Extracted data entries
BEGIN

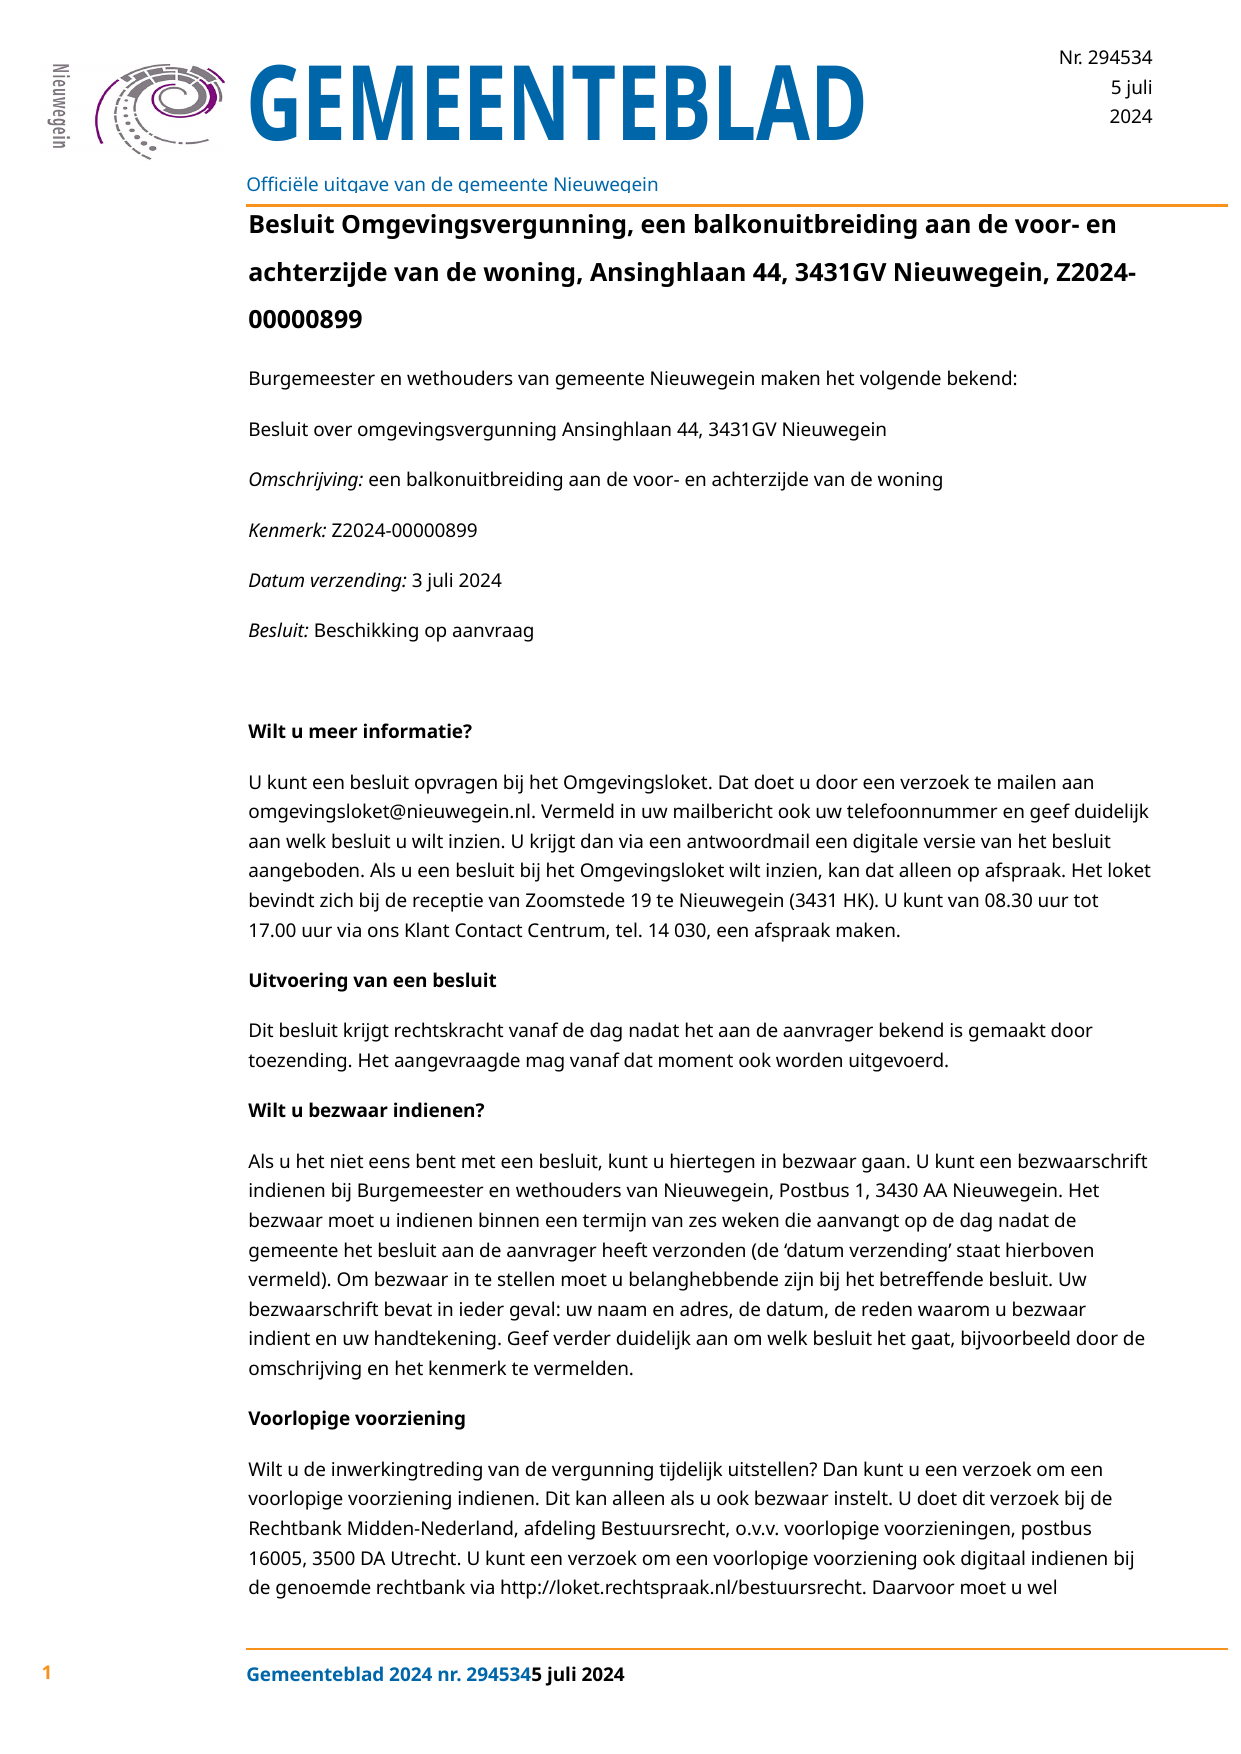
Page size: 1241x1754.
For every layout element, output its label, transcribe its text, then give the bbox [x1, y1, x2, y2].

picture [41, 47, 231, 172]
text Wilt u bezwaar indienen? [248, 1098, 1152, 1123]
text Besluit: Beschikking op aanvraag [248, 618, 1152, 643]
text Besluit Omgevingsvergunning, een balkonuitbreiding aan de voor- en achterzijde van de woning, Ansinghlaan 44, 3431GV Nieuwegein, Z2024-00000899 [248, 207, 1152, 336]
text Uitvoering van een besluit [248, 967, 1152, 993]
text Dit besluit krijgt rechtskracht vanaf de dag nadat het aan de aanvrager bekend is gemaakt door toezending. Het aangevraagde mag vanaf dat moment ook worden uitgevoerd. [248, 1018, 1152, 1073]
text U kunt een besluit opvragen bij het Omgevingsloket. Dat doet u door een verzoek te mailen aan omgevingsloket@nieuwegein.nl. Vermeld in uw mailbericht ook uw telefoonnummer en geef duidelijk aan welk besluit u wilt inzien. U krijgt dan via een antwoordmail een digitale versie van het besluit aangeboden. Als u een besluit bij het Omgevingsloket wilt inzien, kan dat alleen op afspraak. Het loket bevindt zich bij de receptie van Zoomstede 19 te Nieuwegein (3431 HK). U kunt van 08.30 uur tot 17.00 uur via ons Klant Contact Centrum, tel. 14 030, een afspraak maken. [248, 769, 1152, 942]
text Kenmerk: Z2024-00000899 [248, 517, 1152, 542]
text Omschrijving: een balkonuitbreiding aan de voor- en achterzijde van de woning [248, 466, 1152, 492]
text Burgemeester en wethouders van gemeente Nieuwegein maken het volgende bekend: [248, 366, 1152, 391]
text Voorlopige voorziening [248, 1406, 1152, 1431]
text Wilt u meer informatie? [248, 718, 1152, 744]
text Als u het niet eens bent met een besluit, kunt u hiertegen in bezwaar gaan. U kunt een bezwaarschrift indienen bij Burgemeester en wethouders van Nieuwegein, Postbus 1, 3430 AA Nieuwegein. Het bezwaar moet u indienen binnen een termijn van zes weken die aanvangt op de dag nadat de gemeente het besluit aan de aanvrager heeft verzonden (de ‘datum verzending’ staat hierboven vermeld). Om bezwaar in te stellen moet u belanghebbende zijn bij het betreffende besluit. Uw bezwaarschrift bevat in ieder geval: uw naam en adres, de datum, de reden waarom u bezwaar indient en uw handtekening. Geef verder duidelijk aan om welk besluit het gaat, bijvoorbeeld door de omschrijving en het kenmerk te vermelden. [248, 1148, 1152, 1381]
text Besluit over omgevingsvergunning Ansinghlaan 44, 3431GV Nieuwegein [248, 416, 1152, 442]
text Wilt u de inwerkingtreding van de vergunning tijdelijk uitstellen? Dan kunt u een verzoek om een voorlopige voorziening indienen. Dit kan alleen als u ook bezwaar instelt. U doet dit verzoek bij de Rechtbank Midden-Nederland, afdeling Bestuursrecht, o.v.v. voorlopige voorzieningen, postbus 16005, 3500 DA Utrecht. U kunt een verzoek om een voorlopige voorziening ook digitaal indienen bij de genoemde rechtbank via http://loket.rechtspraak.nl/bestuursrecht. Daarvoor moet u wel [248, 1456, 1152, 1600]
text Datum verzending: 3 juli 2024 [248, 567, 1152, 593]
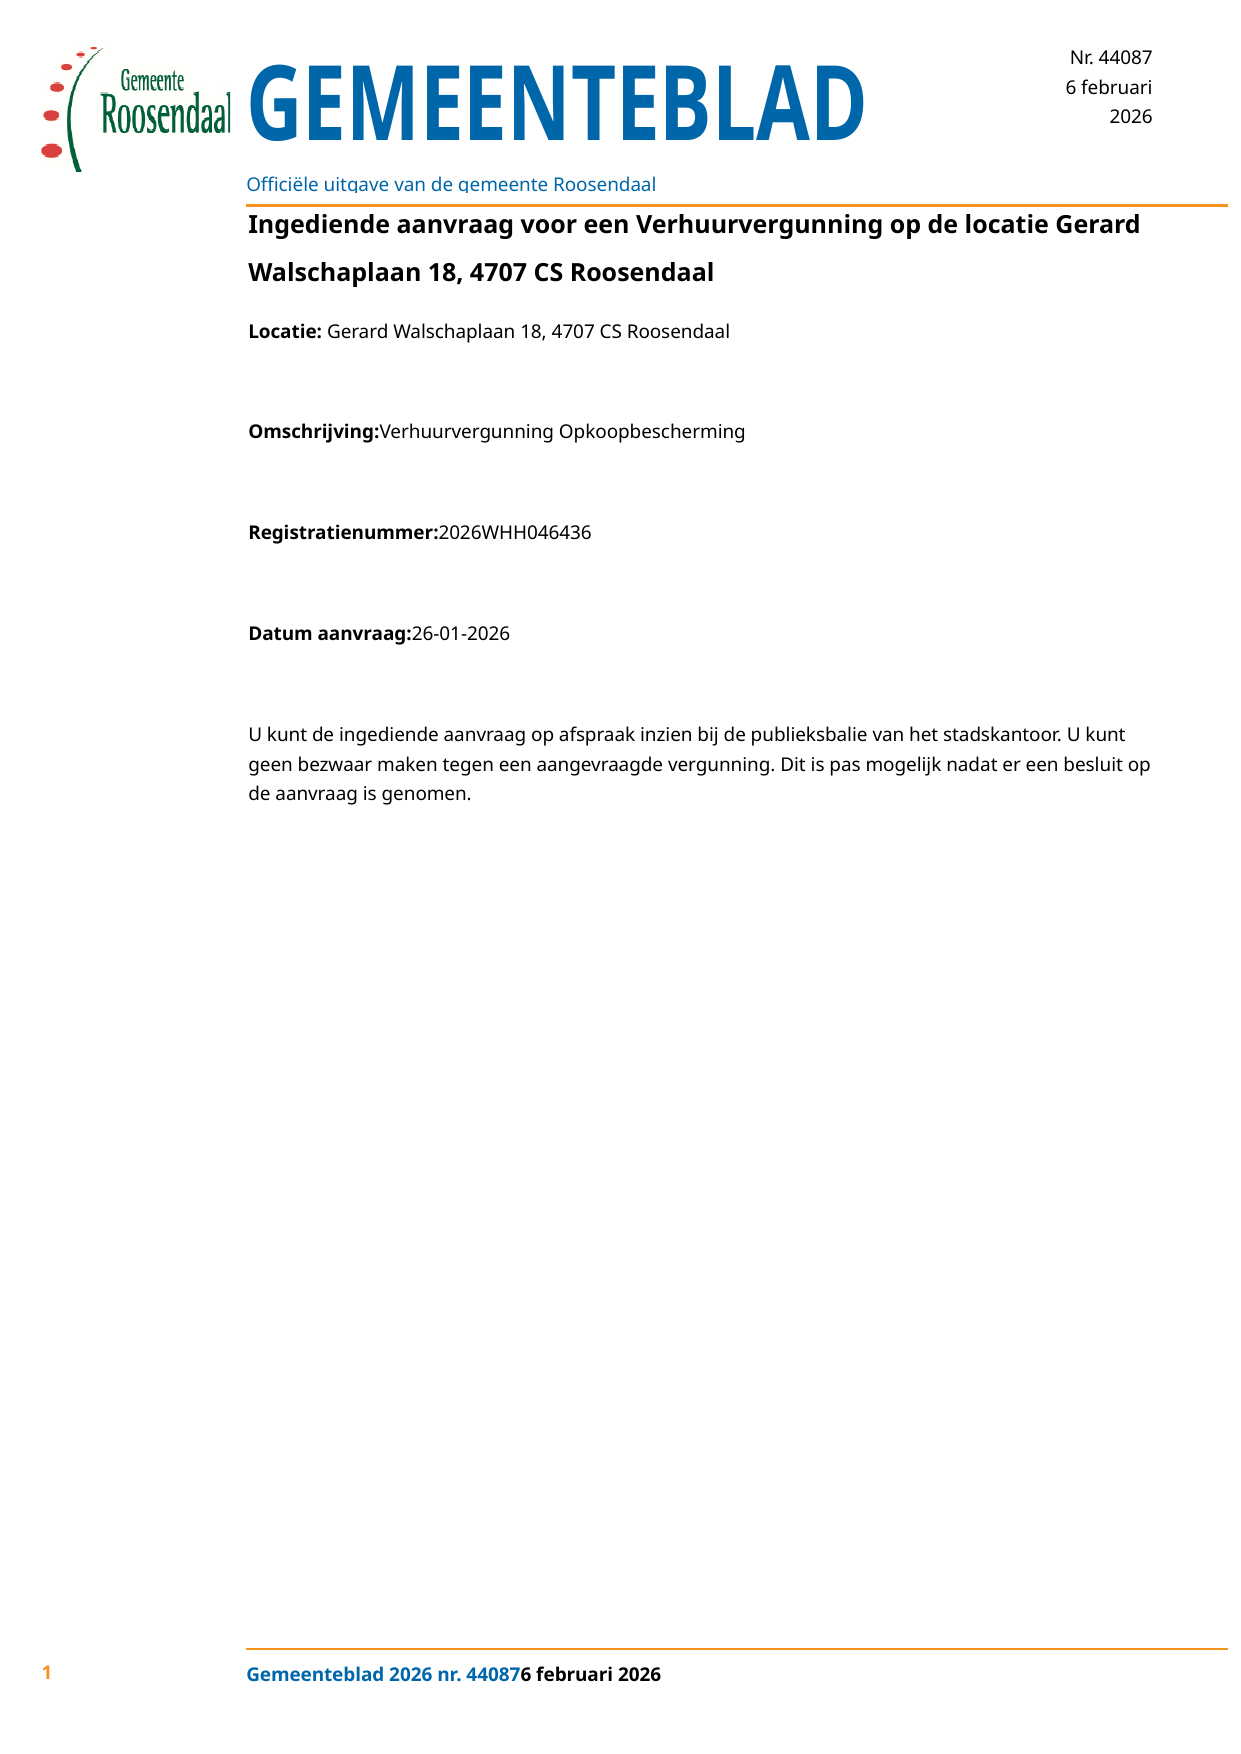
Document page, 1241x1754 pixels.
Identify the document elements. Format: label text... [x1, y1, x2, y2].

text Ingediende aanvraag voor een Verhuurvergunning op de locatie Gerard Walschaplaan 18, 4707 CS Roosendaal [248, 207, 1152, 288]
text Registratienummer:2026WHH046436 [248, 519, 1152, 545]
text Datum aanvraag:26-01-2026 [248, 620, 1152, 646]
text Locatie: Gerard Walschaplaan 18, 4707 CS Roosendaal [248, 318, 1152, 344]
text U kunt de ingediende aanvraag op afspraak inzien bij de publieksbalie van het stadskantoor. U kunt geen bezwaar maken tegen een aangevraagde vergunning. Dit is pas mogelijk nadat er een besluit op de aanvraag is genomen. [248, 721, 1152, 806]
picture [41, 47, 231, 172]
text Omschrijving:Verhuurvergunning Opkoopbescherming [248, 419, 1152, 444]
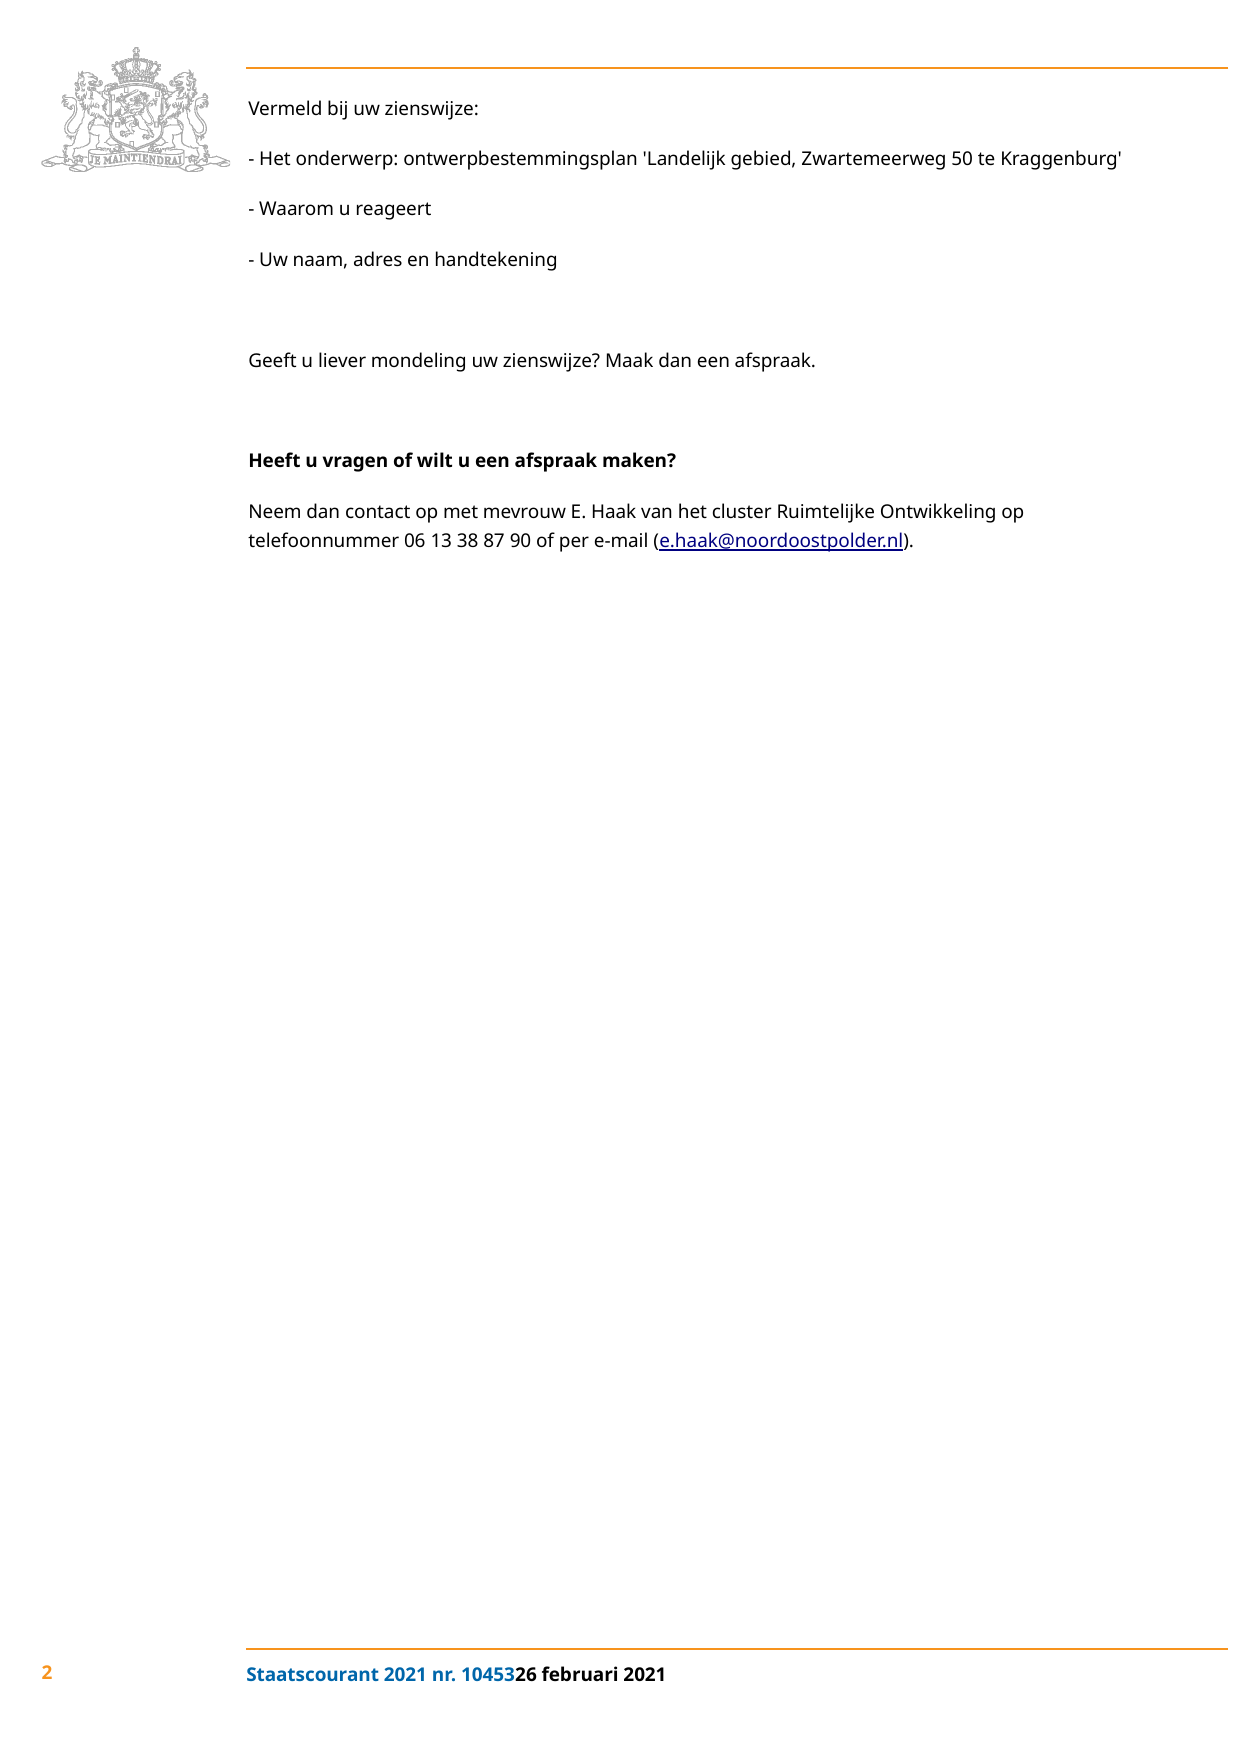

END

Work to be completed
Scan the lines above for "text Burgemeester en" and for "text Wilt u meer". Repeat exactly the line holding each of them and every line in between.

Exercise output
text Burgemeester en wethouders van gemeente Nieuwegein maken het volgende bekend: [248, 366, 1152, 391]
text Voorlopige voorziening [248, 1406, 1152, 1431]
text Wilt u meer informatie? [248, 718, 1152, 744]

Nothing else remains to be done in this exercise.